Kardinal Innitzer und sein außerkirchlicher, jedoch hochpolitischer Zwilling, Dr. Karl Renner („Sozialdemokrat“), empfahlen ebenfalls das „Ja“ zum Anschluss Österreichs. Am 8. Oktober 1938 stürmte die Hitlerjugend das erzbischöfliche Palais und stürzte einen Bischof aus dem Fenster. Fünf Tage später versammelten sich an die 200.000 (zweihunderttausend) Faschisten am Wiener Heldenplatz und lauschten johlend und grölend der Rede Bürckels gegen die katholische Kirche.
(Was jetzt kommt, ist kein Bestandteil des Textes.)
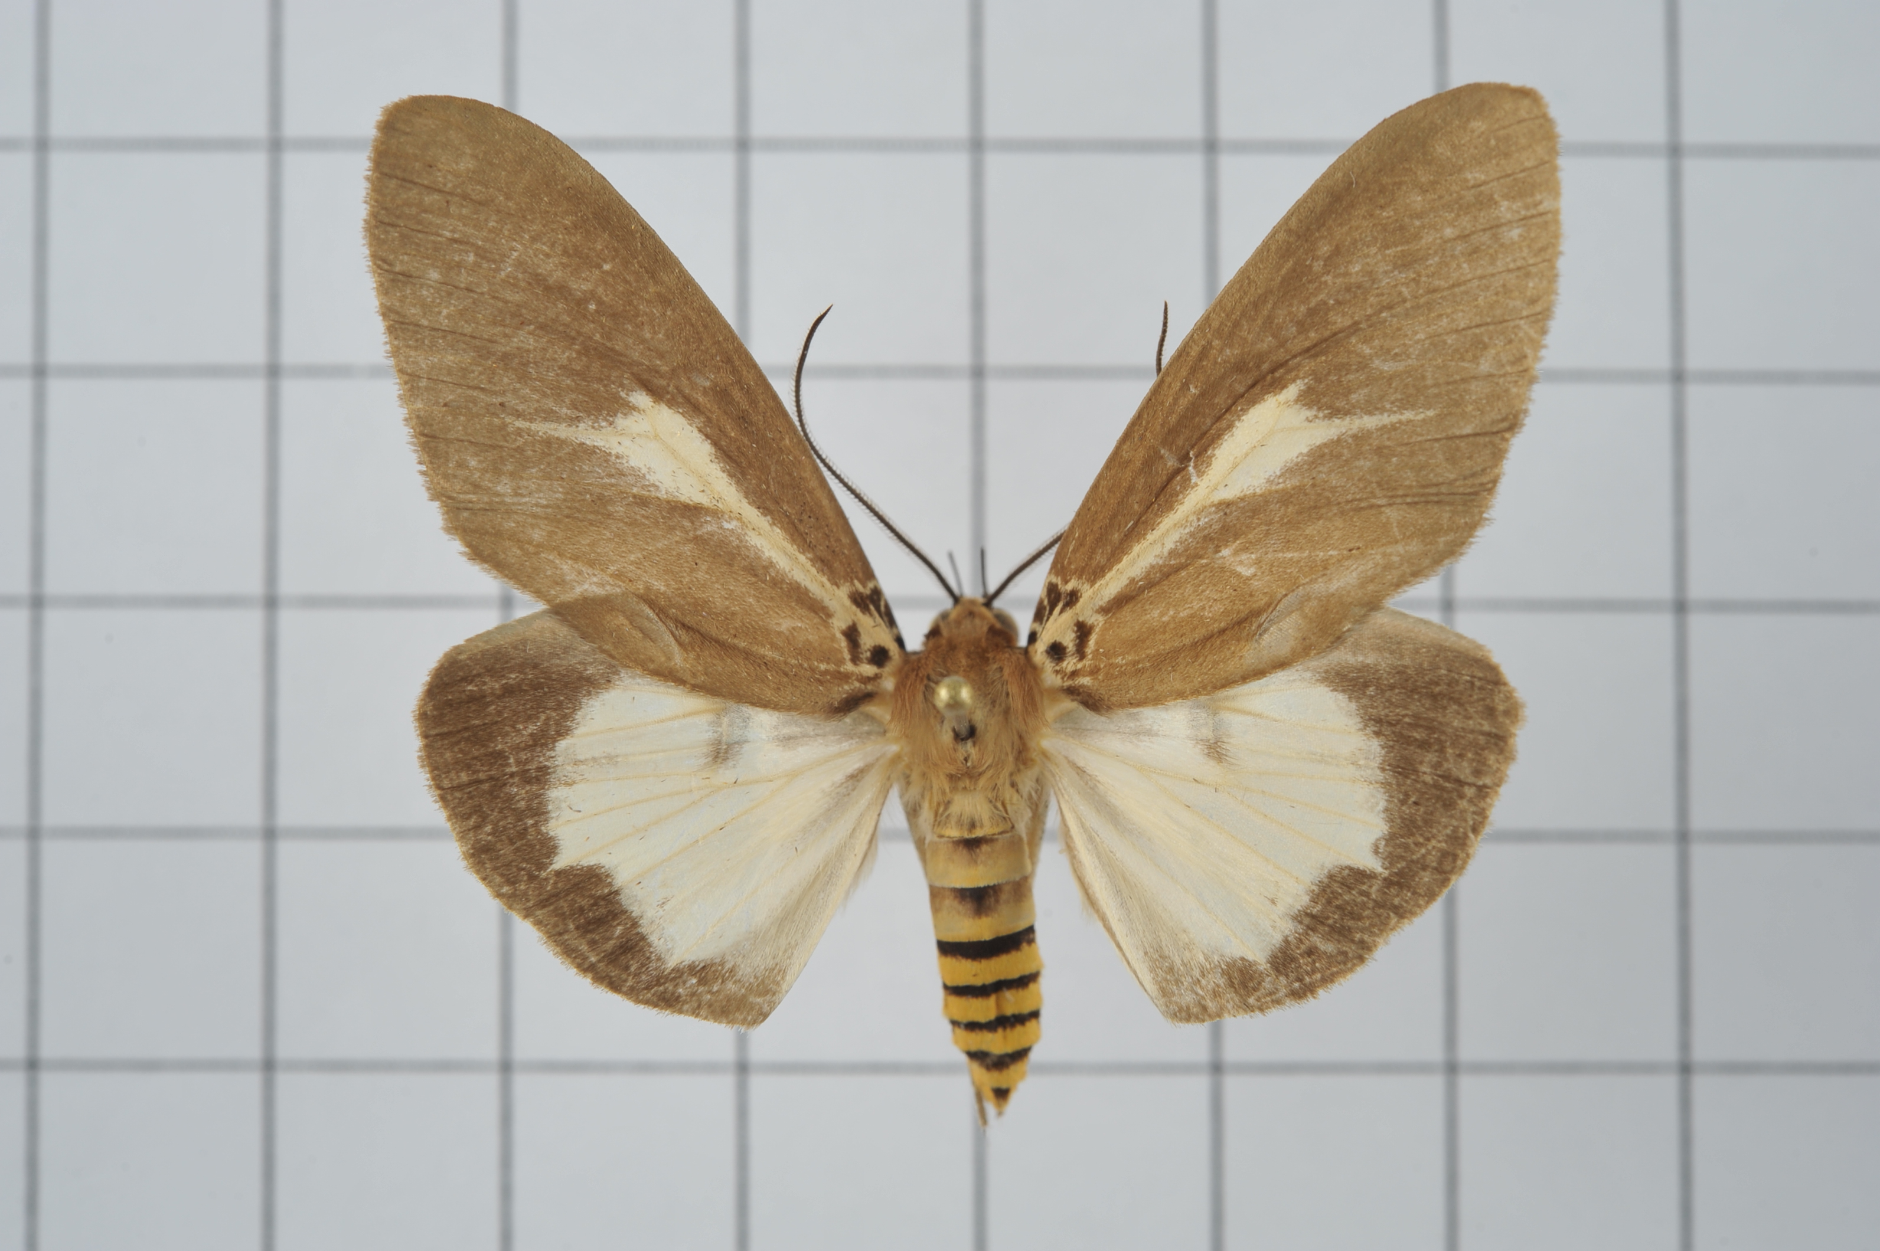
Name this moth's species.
Asota heliconia zebrina
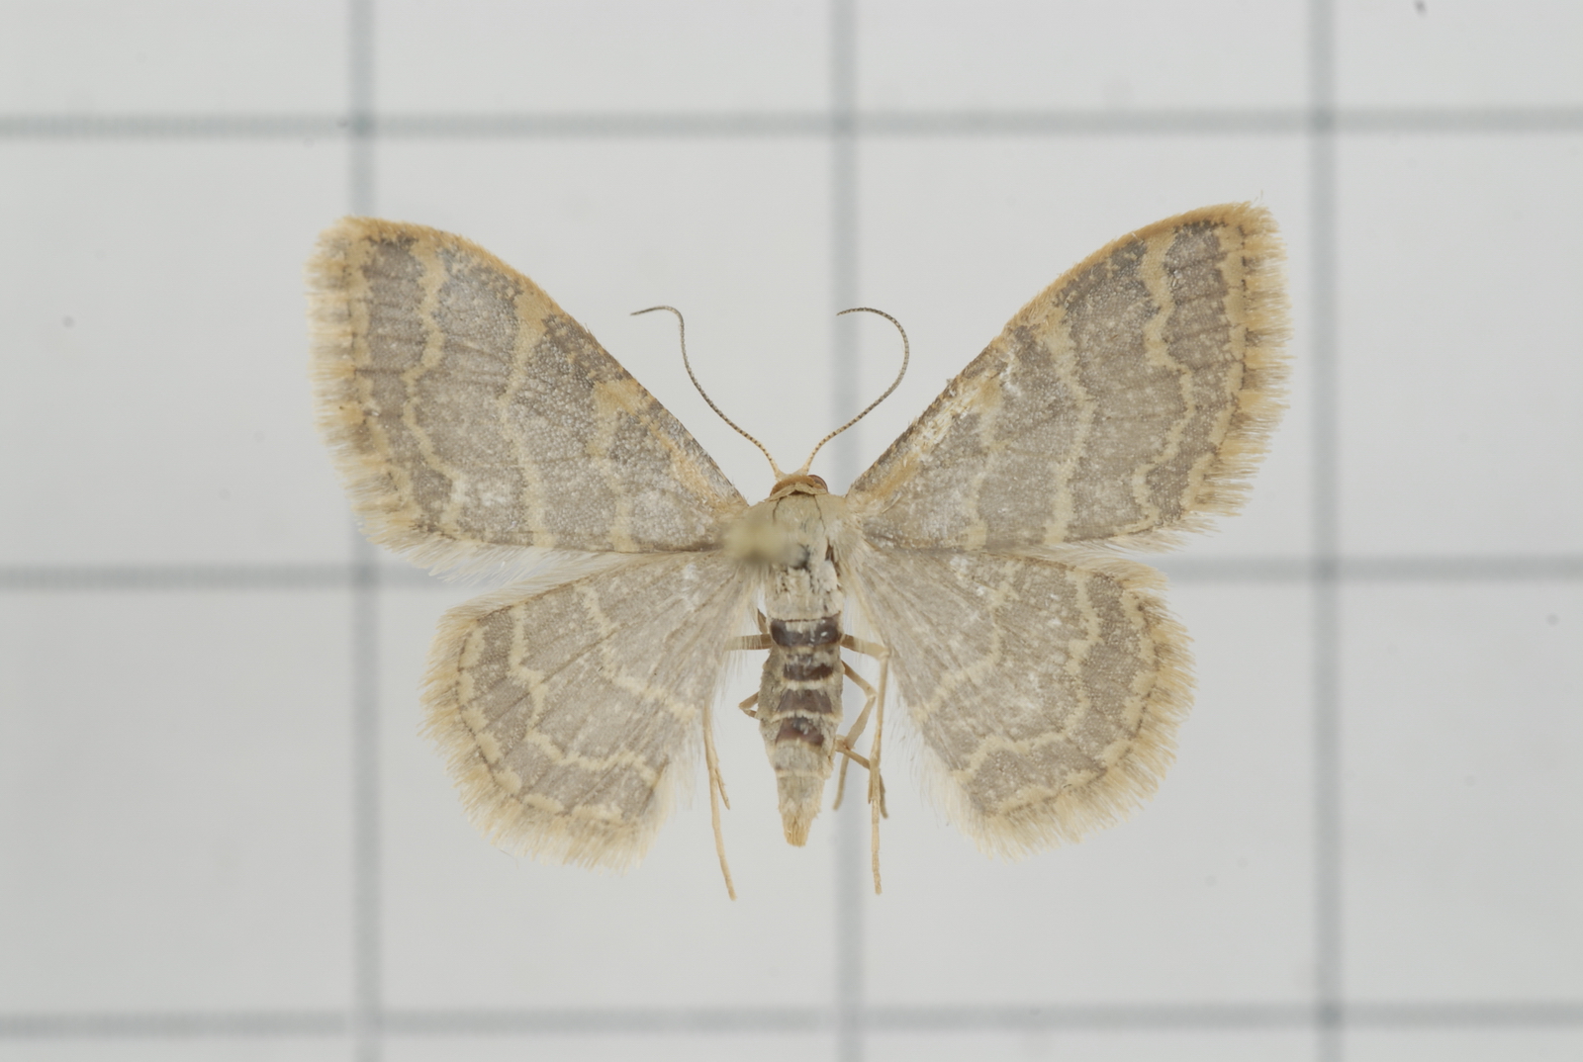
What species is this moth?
Lophophleps purpurea

Der Kampfruf damals: „(Kardinal) Innitzer und Jud – eine Brut!“ Die Franziskanerin Schwester Restituta (bürgerlicher Name: Helene Kafka) war damals in einer Klinik im niederösterreichischen Mödling beschäftigt und weigerte sich, die Christen-Kreuze aus den Krankenzimmern zu entfernen. Zudem verfasste sie dereinst fataler Weise Regime-kritische Texte. Schwester Restitutas‘ „Führer-feindliches“ Tun kam unweigerlich zur Anzeige durch den Sicherheitsdienst (vormals “Polizeipräsidium Wien“ unter Johann Schober) bei der GESTAPO. Es folgte die Verurteilung zur Hinrichtung. Martin Borman, Leiter der Reichskanzlei und somit mächtigster Mann nach Hitler selbst, lehnte das eingereichte Gnadengesuch ab. Die Leiche der hilfreichen Krankenschwester wurde an der medizinischen Fakultät der Universität Wien „zu Forschungszwecken“ verstümmelt.

Die Beihilfe österreichischer Sozialisten (späterer “Sozialdemokraten“) zur Vernichtung freundschaftlich verbundener Würdenträger, der Vollverrat von Freunden, Parteikollegen, einstigen Mitstreitern gegen den Faschismus und der Verkauf auf diese Weise erschlichener “Häftlingshinterlassenschaften“ (Möbel, Betriebsvermögen, Zahngold) zur Stützung des Partei-Budgets sogenannter “Vaterlandsverräter im Feindgebiet“, war und ist Programm des österreichischen Sozialismus, ja sogar jener “Sozialdemokratie“ der Nachkriegszeit.